Holdfolio is the effort of an ambitious local Midwest real estate company to scale up and attract investment from well outside their market. And while many of the crowdfunded real estate investment platforms actively avoid non-accredited investors, Holdfolio has embraced the nuances of Rule 506(b) that permit non-accredited investors into Reg D offerings under certain conditions (like Microventures, Holdfolio speaks by phone with every prospective investor, in part to fulfill their obligation to confirm “suitability” of their investments for each investor).

Holdfio investors purchase a debt or equity fractional interest in a portfolio of 10 single-family rental properties (or a single apartment building), receiving fixed interest payments (with the debt investments) as well as a rental-revenue share and a profit-share upon sale or refinance.
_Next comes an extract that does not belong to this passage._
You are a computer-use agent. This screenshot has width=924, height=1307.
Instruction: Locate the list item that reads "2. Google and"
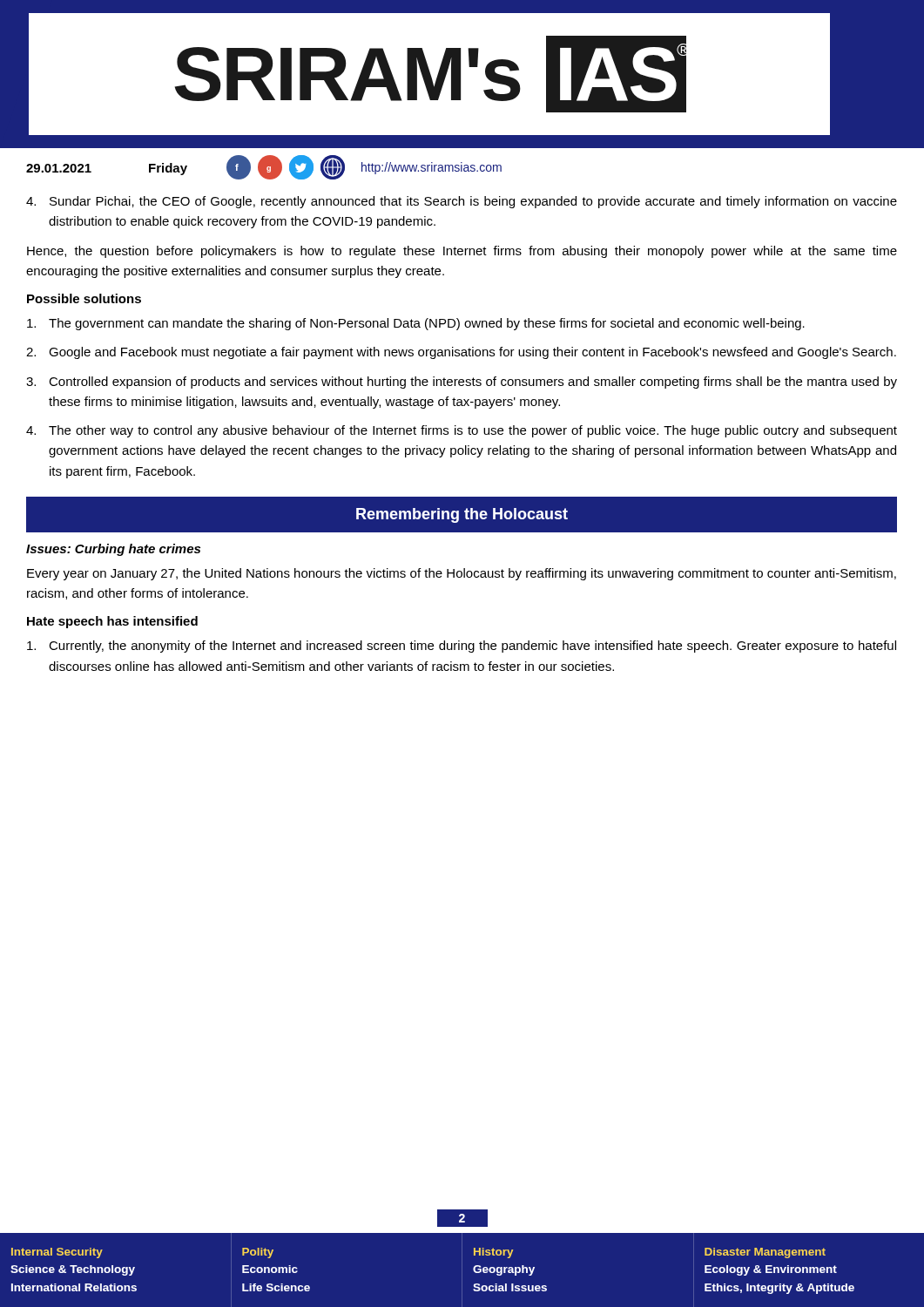[462, 352]

Worth a look for an adventurous and experienced real estate investor (especially non-accredited ones), but some notable downsides are regional scope and relatively short track record.
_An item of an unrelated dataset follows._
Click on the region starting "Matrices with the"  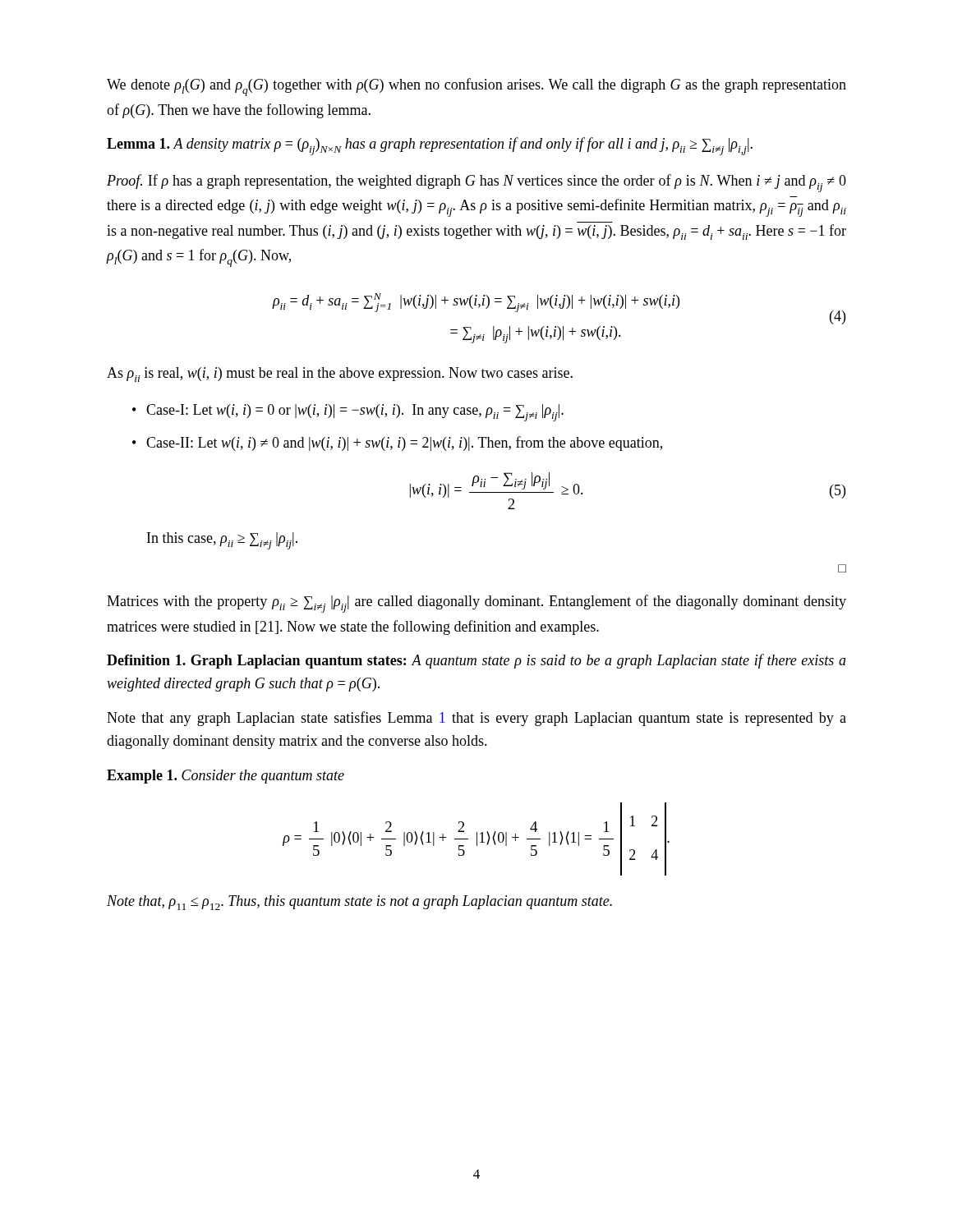tap(476, 615)

👉 Read our full review of Holdfolio.

GROUNDFLOOR

Our rating:

Minimum Investment: $10

Company’s description: Private lending, now public. Earn average returns of 10%.

Groundfloor offers fractional investments in short-term real estate loans. They have ultra-low minimums ($10) and are open to non-accredited investors, but unfortunately are currently limited to just 8 states plus the District of Columbia. Groundfloor has an excellent interface for browsing properties and managing investments.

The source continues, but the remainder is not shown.